Naturalmente, é preciso que se mantenha e que se aumente a mobilização para que a legalização (que certamente virá) não sirva de motivação para a concentração da produção nas mãos do grande capital. É preciso que se discuta nova política que garanta o cultivo individual e em associações, que compreenda o direito de quem precisa de medicamentos e a necessária reparação para pessoas (em sua maioria, mais uma vez, negras e pobres) que hoje estão privadas de liberdade por envolvimento com o mercado (ainda) ilegal de drogas.
Mas Pernambuco não precisa esperar tanto pra dar início a um novo olhar sobre a planta.

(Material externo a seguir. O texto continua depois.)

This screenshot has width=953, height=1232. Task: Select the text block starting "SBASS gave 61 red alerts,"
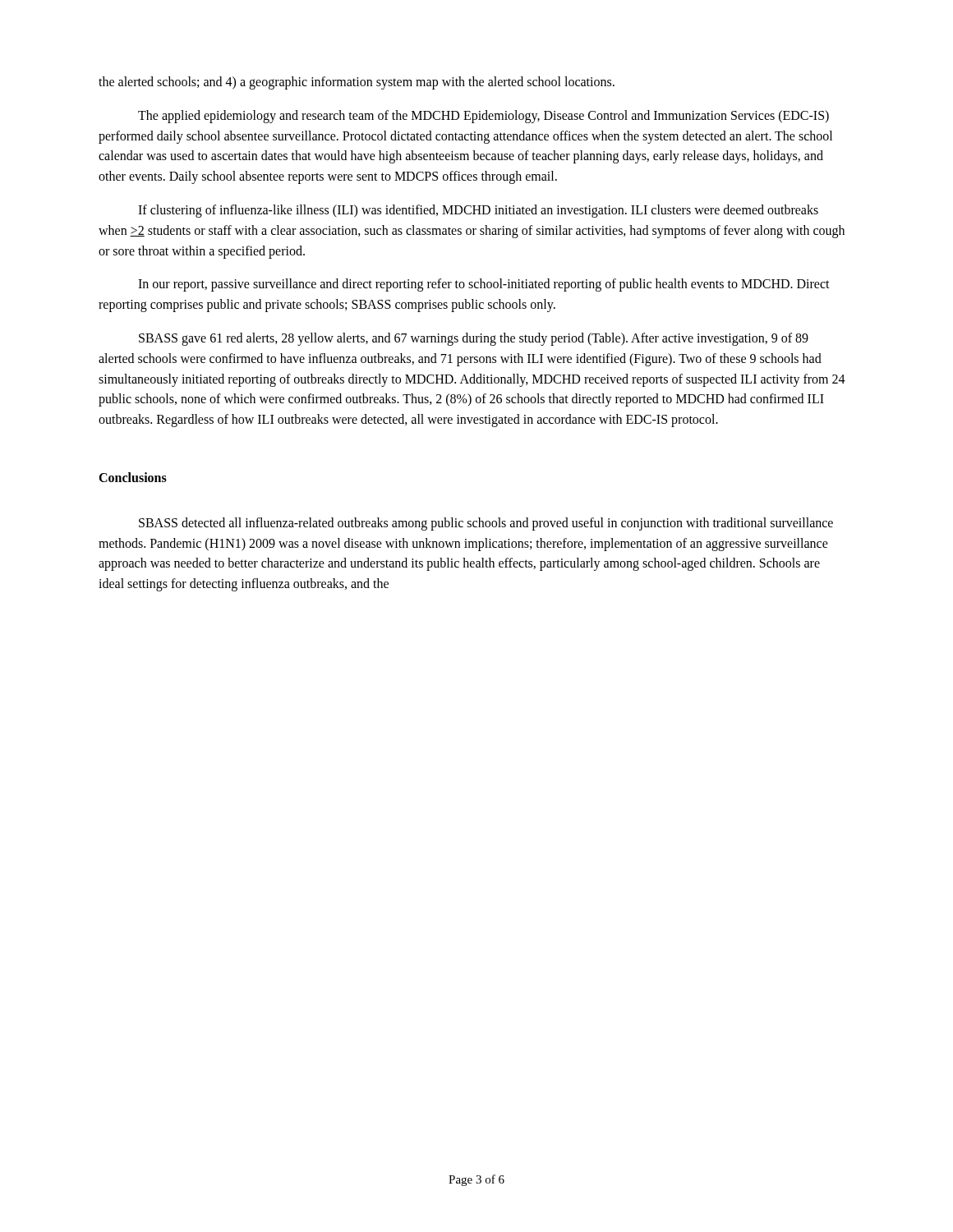tap(472, 379)
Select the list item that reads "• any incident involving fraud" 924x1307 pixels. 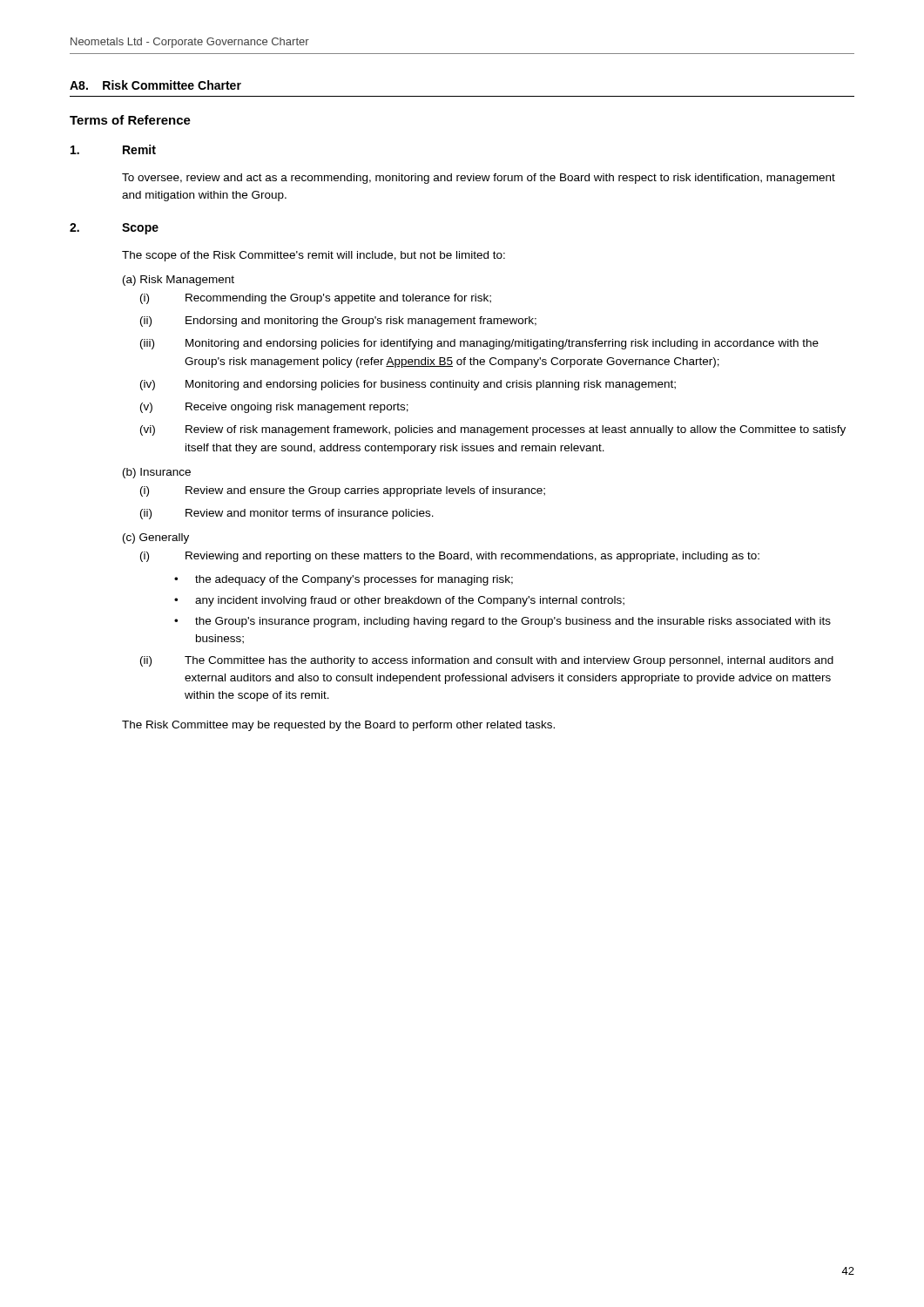tap(514, 600)

Com as leis vigentes, laboratórios nacionais já podem produzir medicamentos à base de maconha. Isso me diz que, com vontade política e coragem, o Governo de Pernambuco poderia não apenas produzir esses remédios no Lafepe, laboratório público que muito orgulha nosso Estado, mas também sair na frente no plantio de maconha para esta finalidade. Não é de hoje que a gente ouve falar das qualidades do nosso clima, especialmente no Sertão do São Francisco, tão apropriado para esta cultura. Mesmo optando pelo cultivo em estufas, que permite um maior controle da produção, por exemplo, poderíamos contar com a expertise da academia e realizar parcerias que se provarão importantes para o futuro das discussões sobre esta planta no mundo inteiro.
Imagine plantações experimentais gerando insumos para a produção de medicamentos que podem estar disponíveis pelo Sistema Único de Saúde, além de abastecer o mercado internacional gerando divisas localmente. Imagine centenas de profissionais de saúde com formação pra poder receitar – ou desencorajar – o uso desses medicamentos pra quem acredita que precisa, por todo o Estado. Imagine associações e famílias atuando em parceria e garantindo medicamentos pra quem precisa. Imagine as sobras dessas plantações transformadas em fibras têxteis que podem dar origem a roupas e outros produtos aqui mesmo no Polo de Confecções do Agreste. Imagine a produção de cosméticos ganhando as prateleiras de farmácias e supermercados por tudo o que é lugar.
Imagine, mais na frente, o potencial turístico que nossas plantações poderão ter, as descobertas científicas que irão proporcionar, o tanto de renda que vão gerar para o Estado e para pessoas que terão a oportunidade de se envolver legalmente numa cadeia produtiva que na próxima década irá se desenvolver de forma retumbante no mundo inteiro.
Por quase cem anos, de forma equivocada e pautada pelo preconceito, nos acostumamos a uma narrativa que coloca a maconha como inimiga da sociedade. Agora passou da hora de se recuperar o tempo perdido.
Mais que isso. A conjuntura pede, exclama, reclama, exige. Tem crise sanitária, desemprego, sobrecarga do sistema penitenciário, urgência por novas saídas econômicas. Isso tudo apressa um debate que já poderíamos ter realizado e que ainda está em tempo. Deixar de levar tudo isso em conta é ignorar que a urgência dessa discussão não apenas evita mortes, mas garante qualidade de vida para muita gente.
Pra começar a conversa, é preciso reunir ativistas, cientistas, associações, comunidade médica e acadêmica, juristas, economistas. Juntar todo mundo que tem o que dizer e o que propor. É urgente a formatação de um Programa Estadual da Maconha em Pernambuco. E o prazo é ontem.